Il Consiglio regionale della Toscana ha concluso con successo una lunga sessione notturna, culminata nell'approvazione del Documento di economia e finanza regionale (Defr) 2026. L'assemblea si è riunita a Firenze tra il 7 e l'8 luglio, con sedute prolungate che hanno richiesto la prosecuzione anche nelle ore notturne per permettere l'esame approfondito e il voto su tutti i provvedimenti all'ordine del giorno. Questo passaggio cruciale rappresenta un via libera fondamentale per la programmazione economica e finanziaria della Regione per il prossimo triennio.
Tra i punti salienti discussi e approvati dal Consiglio regionale figurano la seconda variazione del Bilancio di previsione 2026-2028 e la Nota di integrazione al Defr 2026. Il pacchetto di delibere esaminate comprendeva inoltre una serie di interventi normativi collegati, essenziali per l'attuazione delle nuove disposizioni. Un'altra importante approvazione ha riguardato la proposta di legge statutaria concernente i principi generali e la composizione della Giunta regionale, che introduce modifiche agli articoli 3, 4 e 35 dello Statuto della Regione. Questa proposta, già approvata in prima lettura lo scorso 29 gennaio, ha ora ottenuto il via libera definitivo in seconda lettura, consolidando importanti aspetti istituzionali.

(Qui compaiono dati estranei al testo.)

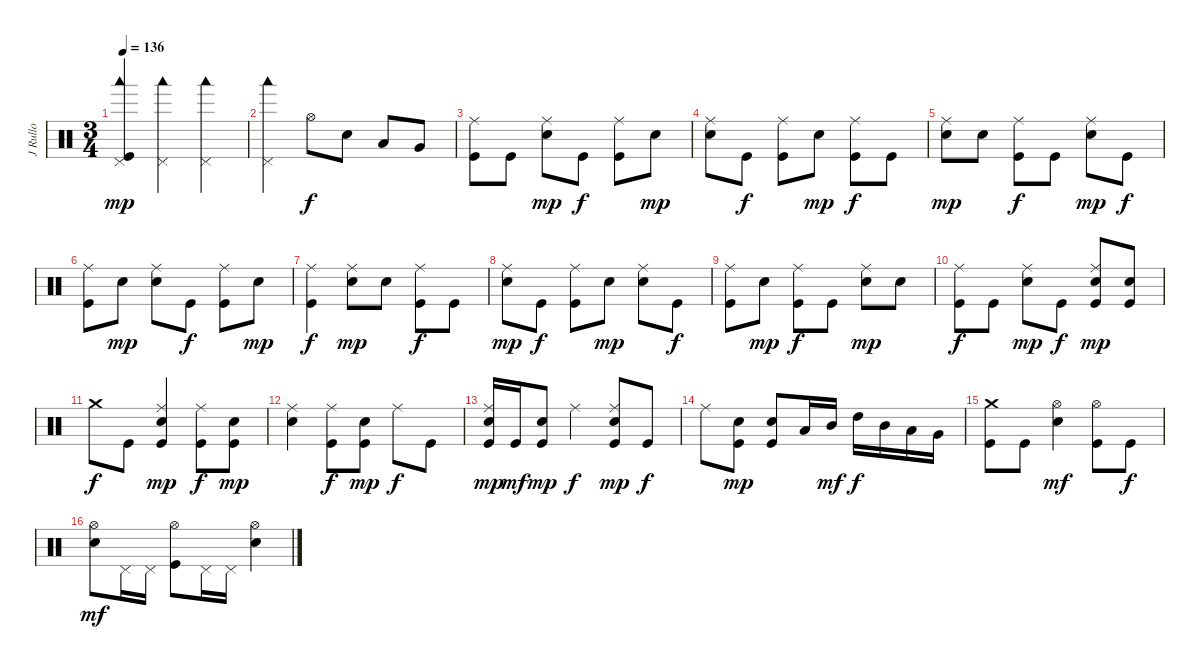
\track ("J Rullo" "J Rullo") {instrument percussion}
\staff {score}
\articulation defaults
\ts (3 4)
\tempo 136
\clef neutral
\ks c
("Pedal Hi-Hat (hit)" "Woodblock low (hit)" "Kick (hit)").4{dy mp} ("Pedal Hi-Hat (hit)" "Woodblock low (hit)").4 ("Pedal Hi-Hat (hit)" "Woodblock low (hit)").4 |
("Pedal Hi-Hat (hit)" "Woodblock low (hit)").4 "Hi-Hat (open)".8{dy f} "Electric Snare (hit)".8 "Low Tom (hit)".8 "Very Low Tom (hit)".8 |
("Ride (middle)" "Kick (hit)").8 "Kick (hit)".8 ("Ride (middle)" "Snare (hit) 2").8{dy mp} "Kick (hit)".8{dy f} ("Ride (middle)" "Kick (hit)").8 "Snare (hit) 2".8{dy mp} |
("Ride (middle)" "Snare (hit) 2").8 "Kick (hit)".8{dy f} ("Ride (middle)" "Kick (hit)").8 "Snare (hit) 2".8{dy mp} ("Ride (middle)" "Kick (hit)").8{dy f} "Kick (hit)".8 |
("Ride (middle)" "Snare (hit) 2").8{dy mp} "Snare (hit) 2".8 ("Ride (middle)" "Kick (hit)").8{dy f} "Kick (hit)".8 ("Ride (middle)" "Snare (hit) 2").8{dy mp} "Kick (hit)".8{dy f} |
("Ride (middle)" "Kick (hit)").8 "Snare (hit) 2".8{dy mp} ("Ride (middle)" "Snare (hit) 2").8 "Kick (hit)".8{dy f} ("Ride (middle)" "Kick (hit)").8 "Snare (hit) 2".8{dy mp} |
("Ride (middle)" "Kick (hit)").4{dy f} ("Ride (middle)" "Snare (hit) 2").8{dy mp} "Snare (hit) 2".8 ("Ride (middle)" "Kick (hit)").8{dy f} "Kick (hit)".8 |
("Ride (middle)" "Snare (hit) 2").8{dy mp} "Kick (hit)".8{dy f} ("Ride (middle)" "Kick (hit)").8 "Snare (hit) 2".8{dy mp} ("Ride (middle)" "Snare (hit) 2").8 "Kick (hit)".8{dy f} |
("Ride (middle)" "Kick (hit)").8 "Snare (hit) 2".8{dy mp} ("Ride (middle)" "Kick (hit)").8{dy f} "Kick (hit)".8 ("Ride (middle)" "Snare (hit) 2").8{dy mp} "Snare (hit) 2".8 |
("Ride (middle)" "Kick (hit)").8{dy f} "Kick (hit)".8 ("Ride (middle)" "Snare (hit) 2").8{dy mp} "Kick (hit)".8{dy f} ("Ride (middle)" "Snare (hit) 2" "Kick (hit)").8{dy mp} ("Snare (hit) 2" "Kick (hit)").8 |
"Crash medium (hit)".8{dy f} "Kick (hit)".8 ("Ride (middle)" "Snare (hit) 2" "Kick (hit)").4{dy mp} ("Ride (middle)" "Kick (hit)").8{dy f} ("Snare (hit) 2" "Kick (hit)").8{dy mp} |
("Ride (middle)" "Snare (hit) 2").4 ("Ride (middle)" "Kick (hit)").8{dy f} ("Snare (hit) 2" "Kick (hit)").8{dy mp} "Ride (middle)".8{dy f} "Kick (hit)".8 |
("Ride (middle)" "Snare (hit) 2" "Kick (hit)").16{dy mp} "Kick (hit)".16{dy mf} ("Snare (hit) 2" "Kick (hit)").8{dy mp} "Ride (middle)".4{dy f} ("Ride (middle)" "Snare (hit) 2" "Kick (hit)").8{dy mp} "Kick (hit)".8{dy f} |
"Ride (middle)".8 ("Snare (hit) 2" "Kick (hit)").8{dy mp} ("Snare (hit) 2" "Kick (hit)").8 "Low Tom (hit)".16 "Mid Tom (hit)".16{dy mf} "High Tom (hit)".16{dy f} "Mid Tom (hit)".16 "Low Tom (hit)".16 "Very Low Tom (hit)".16 |
("Crash medium (hit)" "Kick (hit)").8 "Kick (hit)".8 ("Hi-Hat (open)" "Electric Snare (hit)").4{dy mf} ("Hi-Hat (open)" "Kick (hit)").8 "Kick (hit)".8{dy f} |
("Hi-Hat (open)" "Electric Snare (hit)").8{dy mf} "Pedal Hi-Hat (hit)".16 "Pedal Hi-Hat (hit)".16 ("Hi-Hat (open)" "Kick (hit)").8 "Pedal Hi-Hat (hit)".16 "Pedal Hi-Hat (hit)".16 ("Hi-Hat (open)" "Electric Snare (hit)").4

Le decisioni chiave del Consiglio regionale
Nel corso della stessa sessione, i consiglieri hanno esaminato e discusso la proposta di deliberazione relativa al budget 2026-2028 dell’Ente Terre regionali toscane, un ente strumentale di primaria importanza per la gestione del patrimonio territoriale. È stata inoltre posta in discussione una proposta di risoluzione incentrata sul completamento dell’iter progettuale e sulla successiva realizzazione della variante alla Strada Statale 67 Tosco Romagnola, specificamente nel tratto in località Vallina, un'opera infrastrutturale attesa per migliorare la viabilità locale. L'agenda dei lavori ha incluso anche numerose interrogazioni e mozioni presentate dai membri del Consiglio, a testimonianza dell'ampio spettro di tematiche affrontate.
La necessità di una maratona notturna è stata dettata dall'esigenza di garantire la discussione esaustiva e il voto su tutti i complessi provvedimenti previsti, con particolare attenzione al Defr 2026, che si configura come il documento cardine per la definizione delle strategie economiche e di bilancio della Regione Toscana per il periodo a venire.
Il valore strategico del Documento di economia e finanza regionale
Il Documento di economia e finanza regionale (Defr) rappresenta lo strumento programmatico fondamentale attraverso il quale la Regione Toscana delinea le direttrici della propria politica economica, finanziaria e di bilancio. Attraverso il Defr, vengono stabiliti gli indirizzi strategici e le priorità di intervento, fornendo un quadro chiaro delle risorse disponibili e degli obiettivi programmatici che l'amministrazione intende perseguire nel periodo di riferimento.
L'approvazione di questo documento è un passaggio obbligato e imprescindibile per la successiva elaborazione e le eventuali variazioni del bilancio regionale, assicurando una coerenza rigorosa tra le scelte di programmazione adottate e le risorse finanziarie effettivamente stanziate. Il Defr, aggiornato annualmente, è concepito per essere un documento dinamico, che può essere integrato o modificato in base alle nuove esigenze o alle mutate condizioni economiche che dovessero emergere nel corso dell'anno, garantendo così flessibilità e adattabilità alla gestione regionale.